### TRY IT
Reproduce all of the entries below exactly, without a single change.

### RECORDS TO PROCESS
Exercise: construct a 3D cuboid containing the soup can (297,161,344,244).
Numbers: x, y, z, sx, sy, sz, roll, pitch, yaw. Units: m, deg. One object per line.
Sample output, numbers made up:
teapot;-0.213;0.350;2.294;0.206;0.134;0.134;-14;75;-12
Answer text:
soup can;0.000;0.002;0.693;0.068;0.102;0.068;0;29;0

### WORKED SOLUTION
Exercise: construct a 3D cuboid containing the soup can (297,161,344,244).
Numbers: x, y, z, sx, sy, sz, roll, pitch, yaw. Units: m, deg. One object per line.
Sample output, numbers made up:
teapot;-0.213;0.350;2.294;0.206;0.134;0.134;-14;75;-12
Answer text:
soup can;0.000;0.002;0.693;0.068;0.102;0.068;0;29;0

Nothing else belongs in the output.